Le monde du spectacle ? Un grand CDD

Quand Éric Teyssier découvre le cheval de Troie dans un des hangars de l'école de police, créé par Yann et les siens, il est subjugué, son rêve d'enfant est exaucé. "Moi, jeune, je n'avais pas beaucoup de rêves. Disons que ça n'a pas été facile. J'ai vivoté, j'ai eu une enfance turbulente, pas très joyeuse. Viré de mon lycée à 15 ans, je me suis retrouvé dans un internat, à Crest (Drôme), ville noyeau dur du théâtre de rue." Vous avez compris la suite, de là tout débute alors même qu'il ne sait pas ce qu'est que le théâtre de rue. "Une claque ! Lors de mon premier festival à Châlons-sur-Saône, j'ai compris."

Les barbares tentaient d'assiéger le camp romain lors des derniers Grands Jeux Romains (Photo Archives Corentin Corger)

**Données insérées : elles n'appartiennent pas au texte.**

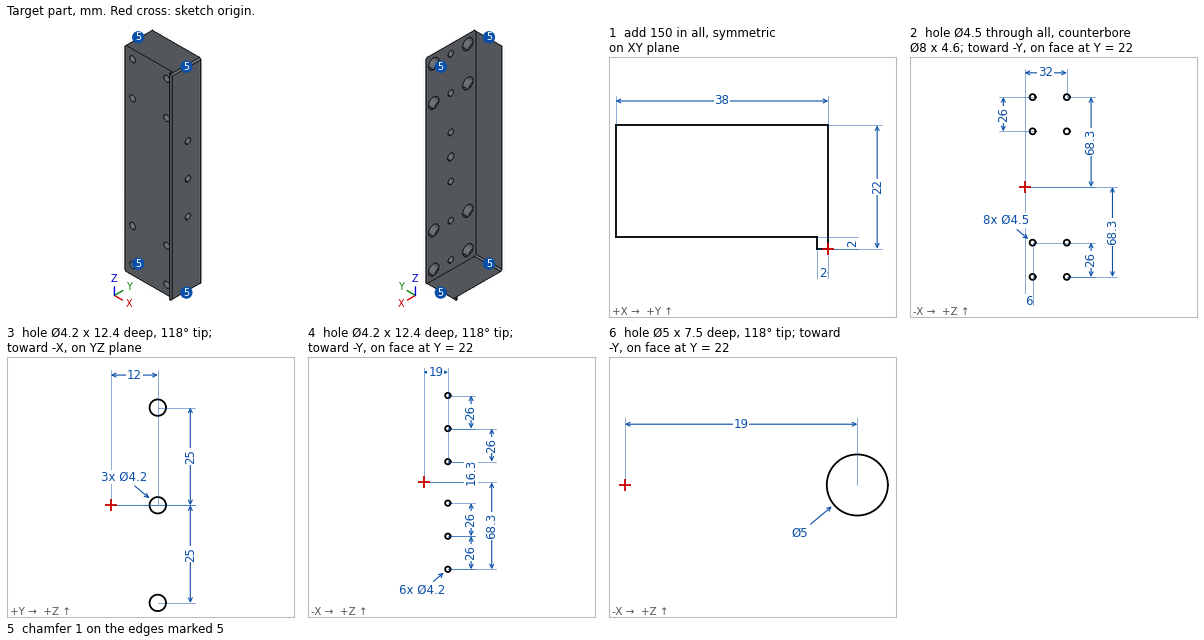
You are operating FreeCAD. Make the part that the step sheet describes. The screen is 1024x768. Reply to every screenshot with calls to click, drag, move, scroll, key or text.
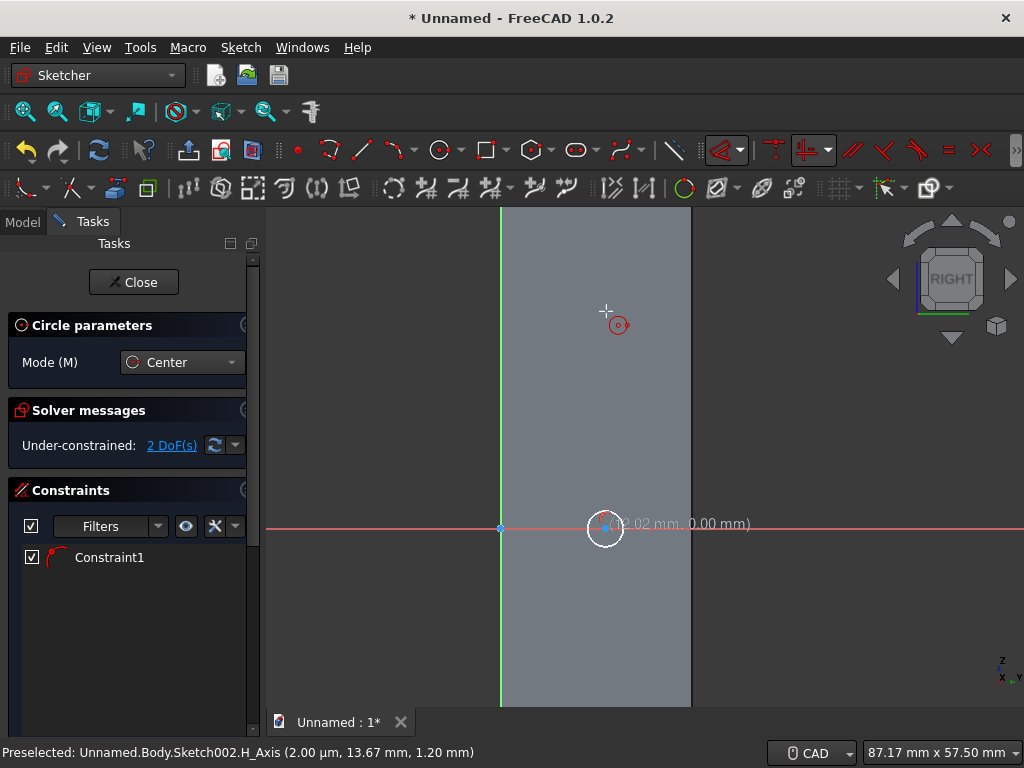
click(605, 312)
click(624, 292)

Il en a passé des nuits blanches à mesurer ses décors, créés exclusivement pour Nîmes et adaptés au centimètre près à nos arènes millénaires. Yann et CPPP participent à de nombreuses éditions des Grands Jeux Romains. Culturespaces parti, place à Edeis et aux nouveaux horizons. CPPP fait toujours partie de l'aventure. "C'est différent parce que c'est pas pareil. En effet, je ne connaissais pas cet univers, ce fut une découverte. Le milieu des reconstituteurs est spécial même si c'est du spectacle vivant. Tout cela m'étonne, je vois des gens impliqués, passionnés et je me régale avec le challenge et le développement que cela comporte, tout comme le fait de se retrouver face à 10 000 personnes. Ma première fois face au public, j'étais en jupette et j'allais ramasser le crottin d'un cheval devant un public chauffé à blanc. Un grand moment."

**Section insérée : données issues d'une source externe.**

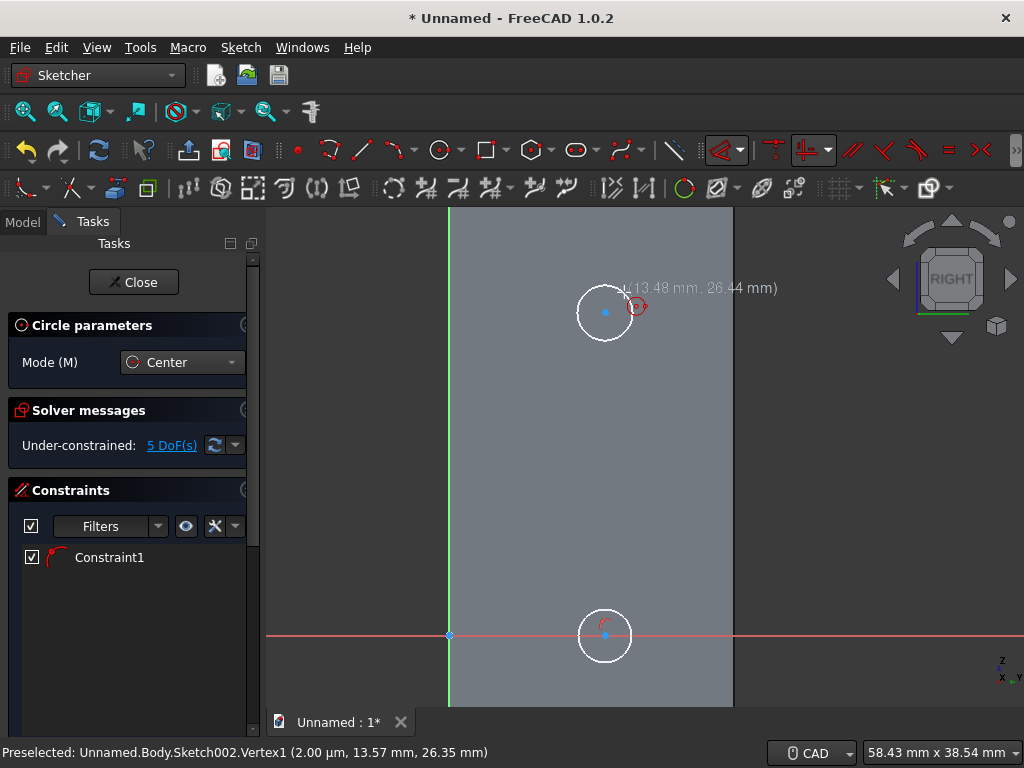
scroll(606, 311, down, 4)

L'histoire se poursuit avec les Nuits de Nemaus et les deux éditions estivales proposées. "L'équipe change, le résultat n'est pas toujours à la hauteur mais je pense avoir fait le boulot. La vie dans le monde du spectacle, pour moi, c'est une succession de CDD. Rien ne dit que je ne referai pas ça !" La culture, c'est vivant. Un jour, Romain Bilowus l'appelle. L'homme est le producteur de Jean-Michel Jarre et travaille pour Edeis qui se lance dans la culture et qui émet une offre pour la délégation de service public de Nîmes. "Edeis savait que je travaillais pour les GJR de Culturespaces. Avec Éric Teyssier nous avons vu les dirigeants de Culturespaces, puis nous décidons d'accepter la proposition d'Edeis et nos propositions. Ils nous ont écoutés et ils ont gagné le marché."